PHILADELPHIA (CN) - The Philadelphia District Attorney's Office unconstitutionally seizes property without a hearing and sells it without due process, to raise millions of dollars to pay its employee's salaries, a class action claims in Federal Court.

Lead plaintiff Christos Sourovelis claims Philadelphia abuses the process of civil asset forfeiture, in which property used in a crime is charged with the crime and seized.

Most states have such laws. But the Philadelphia District Attorney's Office has used civil asset forfeiture so wantonly and has made reclaiming the property so onerous that it outstrips the value of property seized, the complaint states.

Philadelphia seizes an average of $5.8 million worth of assets every year, compared to Kings County (Brooklyn) in New York and Los Angeles County, which, while both larger than Philadelphia, brought in $1.2 million in assets, according to the lawsuit.

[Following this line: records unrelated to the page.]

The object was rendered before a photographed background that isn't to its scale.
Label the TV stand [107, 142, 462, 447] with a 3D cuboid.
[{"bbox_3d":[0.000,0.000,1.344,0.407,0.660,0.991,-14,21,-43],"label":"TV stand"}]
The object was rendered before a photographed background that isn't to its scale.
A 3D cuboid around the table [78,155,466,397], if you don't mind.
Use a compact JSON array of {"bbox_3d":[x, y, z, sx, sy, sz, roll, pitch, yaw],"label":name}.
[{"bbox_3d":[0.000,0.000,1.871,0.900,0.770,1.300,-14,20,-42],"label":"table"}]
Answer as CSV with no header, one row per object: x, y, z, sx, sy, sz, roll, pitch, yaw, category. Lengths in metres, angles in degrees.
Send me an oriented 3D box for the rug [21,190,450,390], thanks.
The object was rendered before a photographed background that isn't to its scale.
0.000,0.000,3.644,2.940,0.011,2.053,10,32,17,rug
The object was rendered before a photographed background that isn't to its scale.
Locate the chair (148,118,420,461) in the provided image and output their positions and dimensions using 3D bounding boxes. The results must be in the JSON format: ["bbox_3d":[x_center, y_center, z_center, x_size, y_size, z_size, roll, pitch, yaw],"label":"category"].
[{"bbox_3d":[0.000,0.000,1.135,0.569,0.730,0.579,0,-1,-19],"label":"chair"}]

Half of this money has gone to pay District Attorney's Office salaries, the complaint says.

"In statistical terms, the amount of Philadelphia's forfeiture revenue is almost 8 standard deviations above the mean," according to the complaint. "In laymen's terms, Philadelphia is as aberrant as a 7-foot-tall woman or an 8-foot-tall man."

Sourovelis and two named co-plaintiffs claims they all had property taken from them and were forced to navigate the DA's labyrinthine process to get it back.

Sourovelis's house was seized by the DA after his son, identified in the complaint as YS, was arrested for possessing drugs. After YS's arrest, while Sourvoelis was driving him to a drug rehabilitation program, the DA obtained an ex parte order to take possession of the home, the complaint states. Sourovelis was evicted and a lock was placed on the door.

To re-enter his home, Sourvelelis and his wife were brought to a hearing without a judge or jury and told by an assistant district attorney that they would have to relinquish any defense that they were innocent owners of the property and would have to bar YS from entering the home, the complaint states.

They have been allowed back into the home while they await another hearing.

His two co-plaintiffs both face loss of their homes, though they did not a commit any crime, according to the complaint.

The plaintiffs claim the city systematically violates the Due Process clause of the 14th Amendment.

They seek declaratory judgment that the way Philadelphia does this is unconstitutional, and injunction, return of all seized property and nominal damages of one dollar, plus attorney's fees.

They are represented by David Rudovsky of Kairys Rudovsky Messing & Feinberg.

Defendants include Mayor Michael Nutter, the Philadelphia District Attorney's Office, District Attorney R. Seth Williams, and Police Commissioner Charles Ramsey.